Nina Burleigh Slams GOP For 'Religious Psychobabble,' Repressed Sexuality

August 30th, 2007 12:35 PM

Liberal journalist Nina Burleigh, famous for her 1998 statement that she'd happily fellate President Clinton for "keeping abortion legal," complained in an August 30 Huffington Post blog entry that conservative Republicans are sexually repressed, homophobic, and intolerant.

The rockier the rib, the more likely you'll find pink lingerie under the trousers or a bullwhip and manacles in the bedside drawer. You can bet those Beltway dominatrices, madams and escorts (gay and straight) have been able to buy second homes -- maybe even in Sun Valley! -- with their haul during W's reign.

Oh, it gets better. According to Burleigh, gay-baiting and the Amish vote were keys to Bush's 2004 re-election victory:

...[Sen.
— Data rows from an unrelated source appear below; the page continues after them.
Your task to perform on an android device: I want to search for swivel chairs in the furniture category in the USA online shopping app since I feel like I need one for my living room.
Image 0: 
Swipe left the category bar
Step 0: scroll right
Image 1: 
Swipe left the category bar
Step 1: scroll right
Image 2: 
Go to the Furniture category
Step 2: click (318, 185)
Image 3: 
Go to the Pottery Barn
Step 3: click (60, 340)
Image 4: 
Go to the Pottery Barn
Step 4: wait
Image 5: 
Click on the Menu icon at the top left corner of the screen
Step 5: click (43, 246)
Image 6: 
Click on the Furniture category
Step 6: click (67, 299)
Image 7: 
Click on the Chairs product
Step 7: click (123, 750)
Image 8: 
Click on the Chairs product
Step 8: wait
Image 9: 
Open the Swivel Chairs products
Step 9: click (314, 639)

Larry Craig's] obviously lived his whole life afflicted by the religious psychobabble and outright bigotry of people who say homosexuality is a sickness and a lifestyle decision instead of an innate state of being that has nothing to do with illness or choice.
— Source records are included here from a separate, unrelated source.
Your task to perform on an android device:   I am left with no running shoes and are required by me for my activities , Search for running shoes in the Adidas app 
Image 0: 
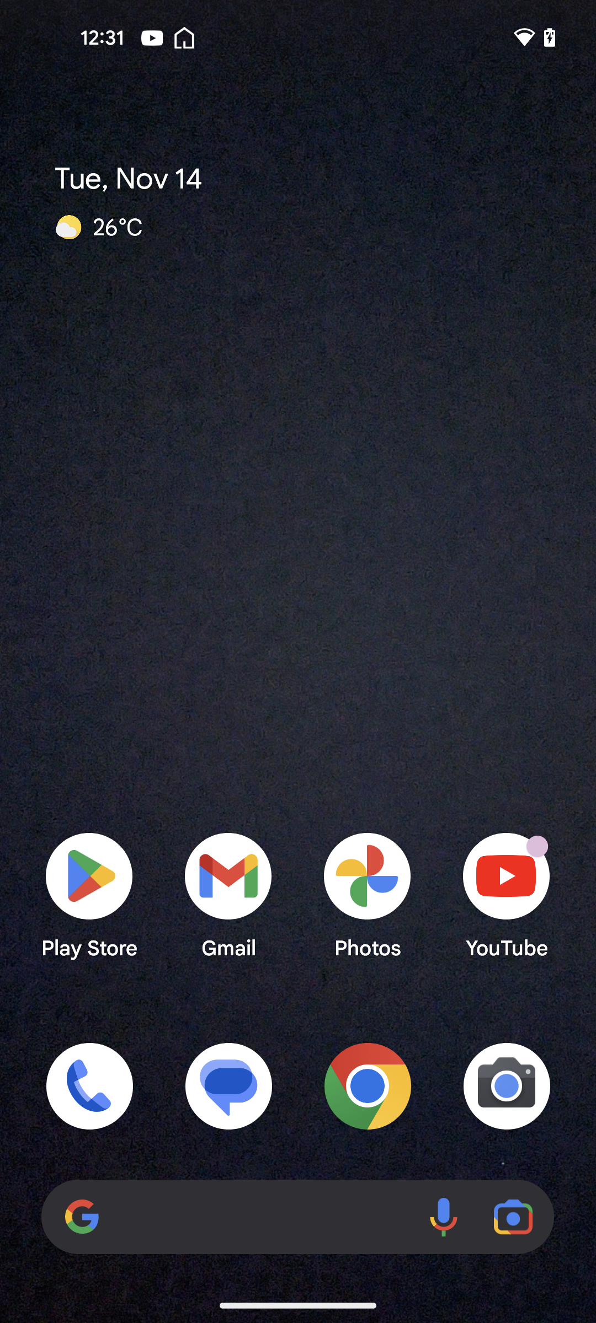
Open the Adidas app
Step 0: open app "adidas"
Image 1: 
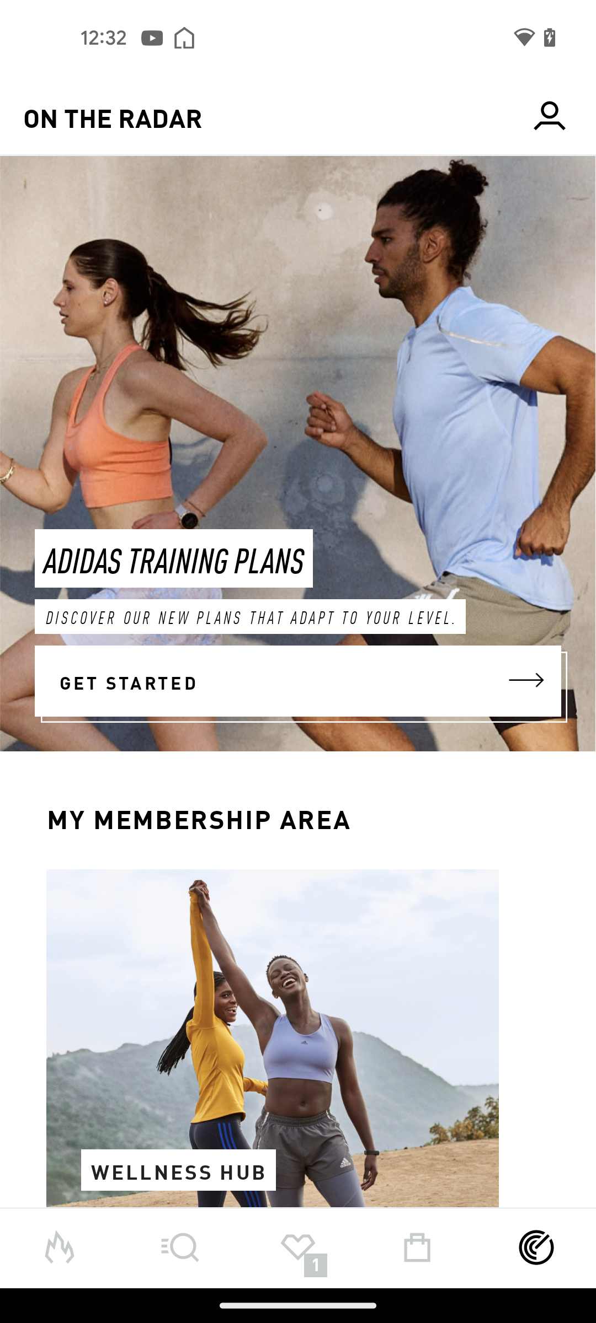
Go to the search tab
Step 1: click (179, 1247)
Image 2: 
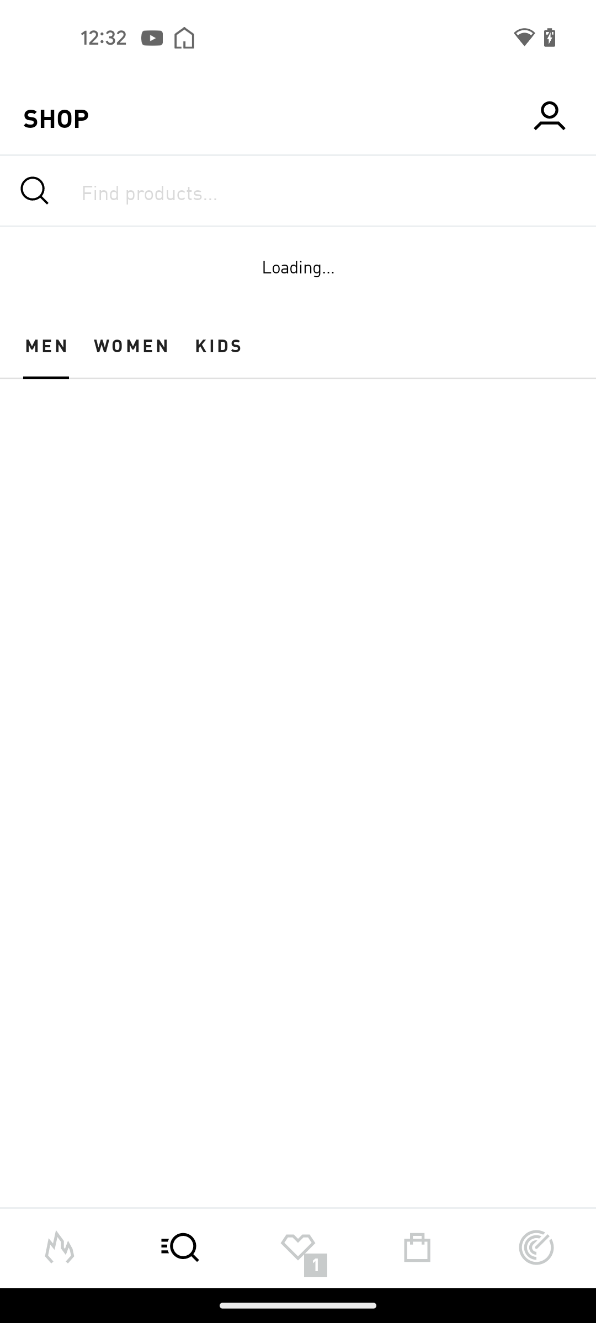
Go to the search tab
Step 2: wait
Image 3: 
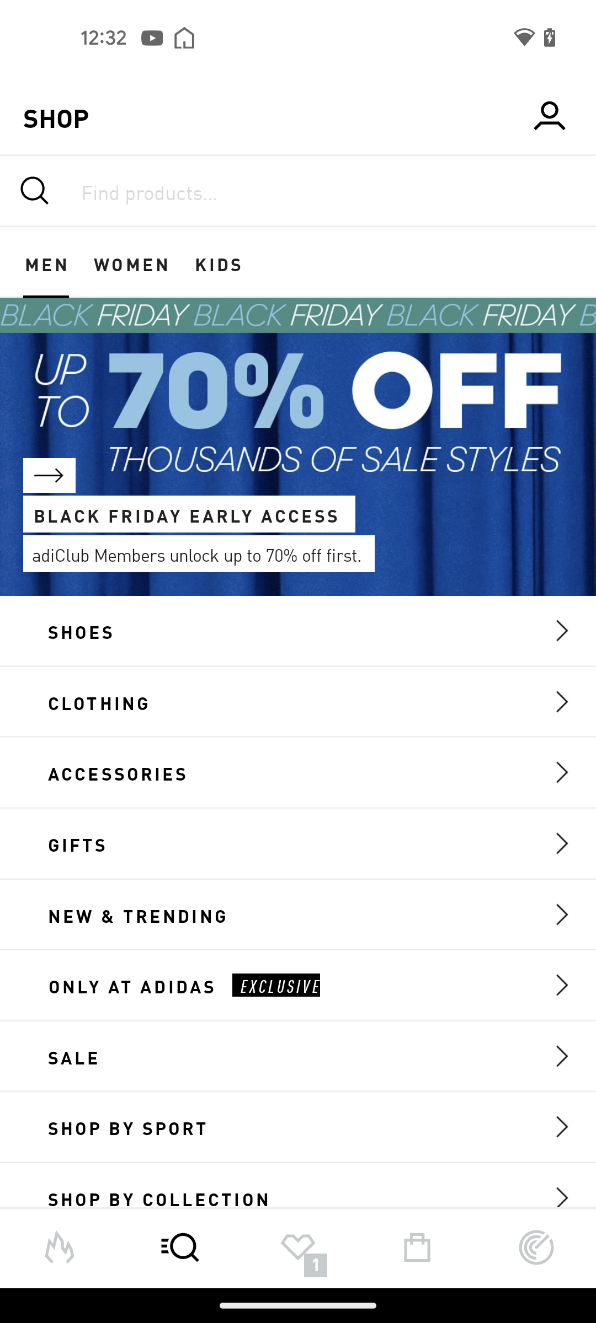
Go to the search bar at the top of the screen
Step 3: click (320, 181)
Image 4: 
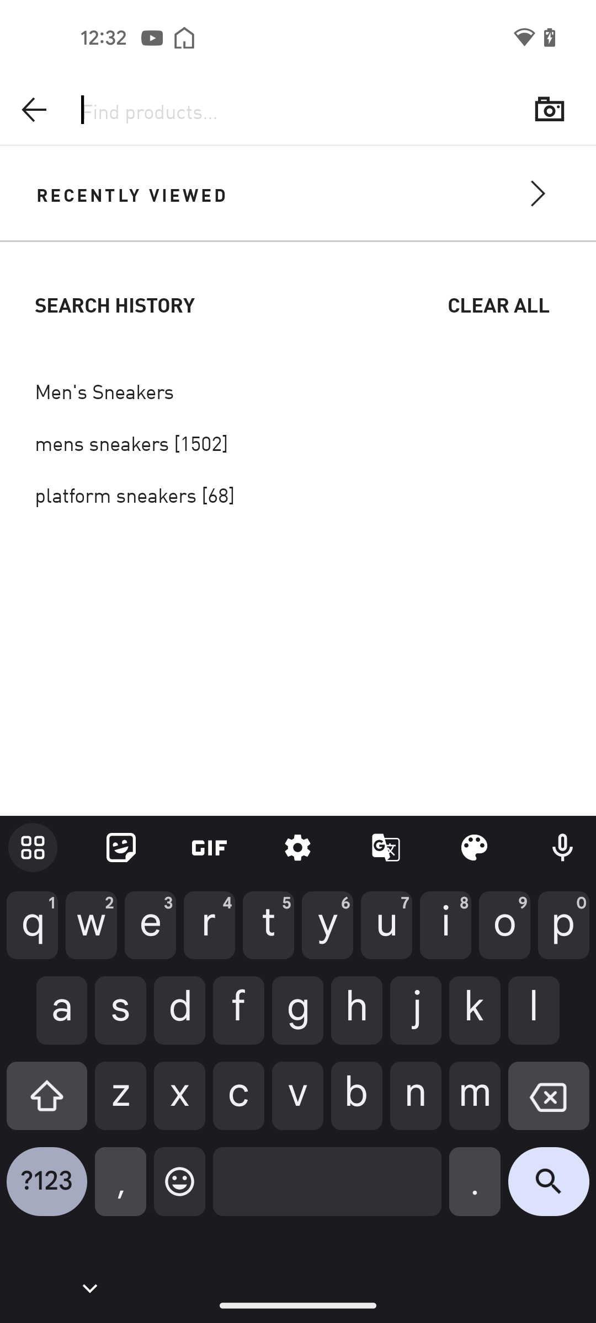
Type Running shoes in the search bar
Step 4: type "Running shoes"
Image 5: 
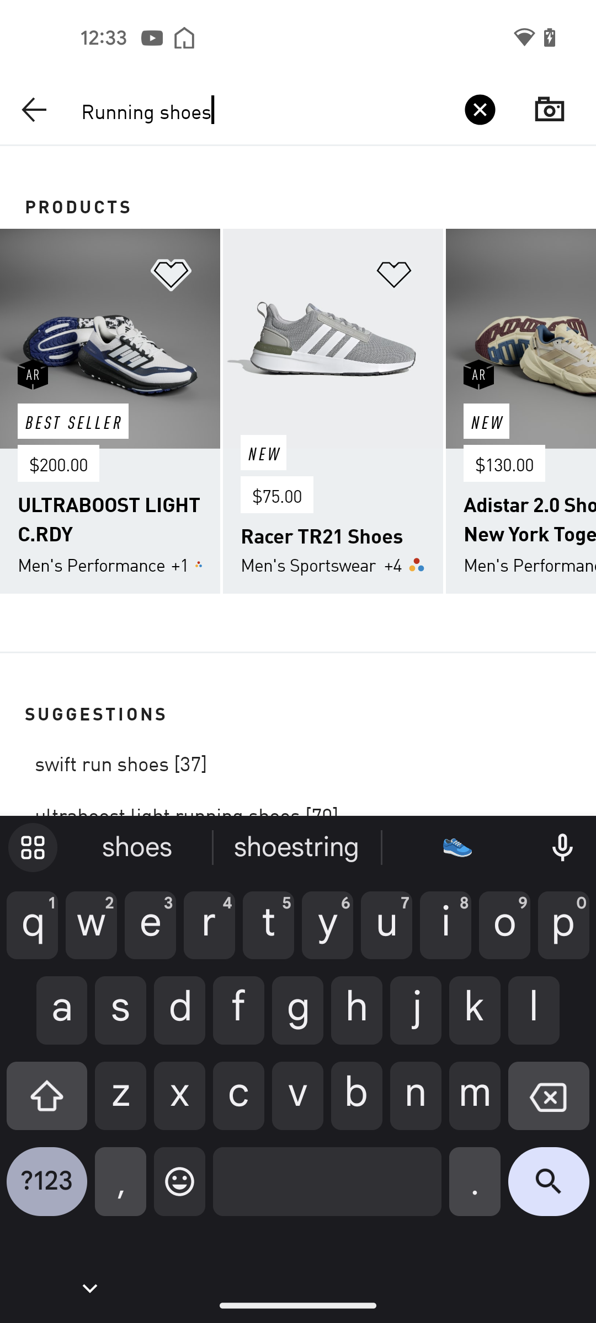
Click on the search button in the keyboard
Step 5: click (549, 1190)
Image 6: 
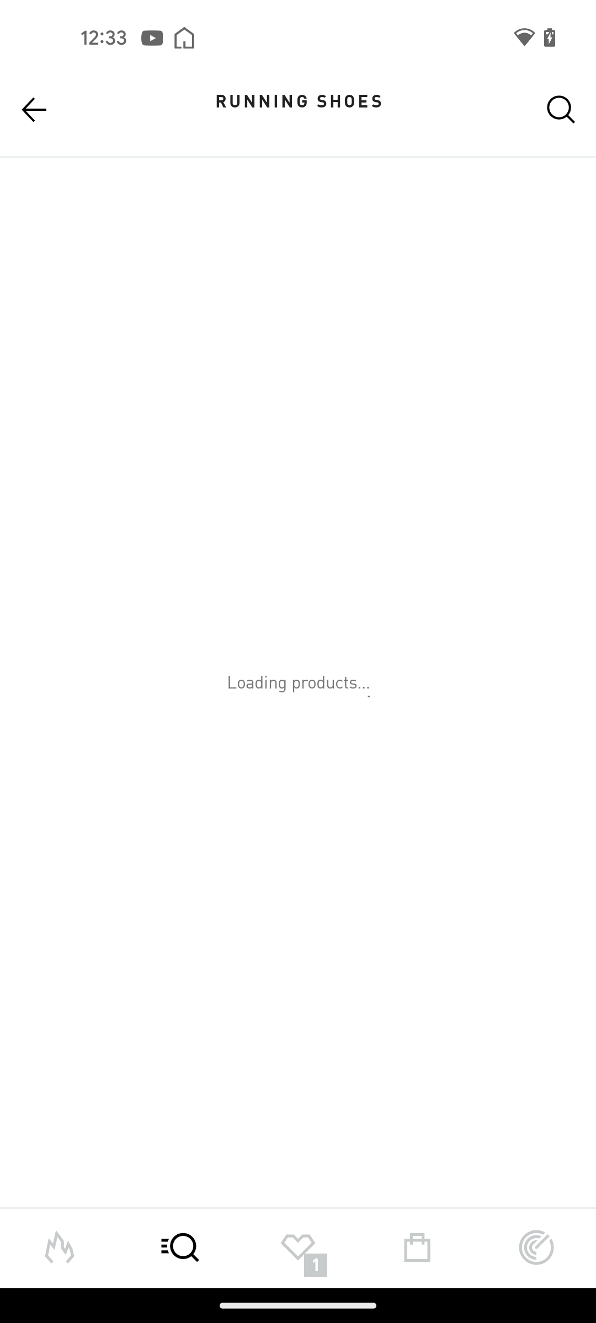
Click on the search button in the keyboard
Step 6: wait

The sickness, of course, is in the suppression, which is why closeted men seek love in rank public bathroom stalls.

The Republican Party got Bush re-elected in 2004 by playing the homophobe card. In Ohio, their minions went door-to-door in Amish country and warned the historically non-secular inhabitants that if they didn't get out and register Republican, gay marriage would be the law of the land. Tens of thousands of Amish men and women hitched horses to buggies, cracked their whips, and raced to the nearest polling place to vote to repel the Sodomites. With their unprecedented help, Ohio, that crucial state, slid ever so narrowly into the red column, sending the Bush regime back to the White House with four more years to plot how to bomb Tehran.

Of course for someone so tolerant and non-judgmental about sexual inclinations, Burleigh sure seems to fixate heavily on them.The way she writes, it's a wonder she got any work done covering the Hill in the late 1990s for all her obsession with supposedly in-the-closet gay Republicans:

When I was covering Capitol Hill just before Clinton's impeachment, every other young, spiffily manicured male staffer I met in Republican Congressional offices was at least androcentric, if not obviously gay. I don't have a sensitive gay-dar, but there was something about them. Ties never askew, hair immaculately groomed, cuffs gleaming, they usually knew more about my shoes than I did.

Bill Clinton's voracious heterosexuality had as much to do with drawing their rabid hatred as any of his other attributes. He loved women too much, and if only he'd given equal time and effort to seducing those beautiful men, he might have saved himself some trouble.

Burleigh, not one to be shy about her heterosexuality, once openly admitted her lust for the 42nd President of the United States:

Former Time White House reporter Nina Burleigh recounted in the July/August Mirabella how she was "quite willing to let myself be ravished" by Bill Clinton. The magazine’s headline touted how Burleigh "thought she was beyond being seduced by a man’s power, his status, his job. Then she played cards with the President on Air Force One."

Filling in for Time’s regular reporter on Clinton’s trip to Jasper, Arkansas last summer for a funeral, Burleigh, now a Time contributor, recalled how she was asked to join Clinton in a game of hearts. Things quickly heated up: "The President’s foot lightly, and presumably accidentally, brushed mine once under the table. His hand touched my wrist while he was dealing the cards. When I got up and shook his hand at the end of the game, his eyes wandered over to my bike-wrecked, naked legs. And slowly it dawned on me as I walked away: He found me attractive."

Burleigh revealed her feminist standard of how men can ogle her if they are powerful: "We all know when we’re being ogled. The weird thing was that I didn’t mind. There was a time when the hormones of indignant feminism raged in my veins. An open gaze like that, at least from a man of lesser stature, would have annoyed me. But that evening, I had the opposite reaction. I felt incandescent. It was riveting to know that the President had appreciated my legs, scarred as they were.

"If he had asked me to continue the game of hearts back in his room at the Jasper Holiday Inn, I would have been happy to go there and see what happened. At the time, that seemed quite possible. It took several hours and a few drinks in the steaming and now somehow romantic Arkansas night to shake the intoxicated state in which I had been quite willing to let myself be ravished by the President, should he have but asked."

Burleigh is still ready to go, telling The Washington Post’s Howard Kurtz what specific sex act she’d perform on Clinton to reward his pro-abortion stand.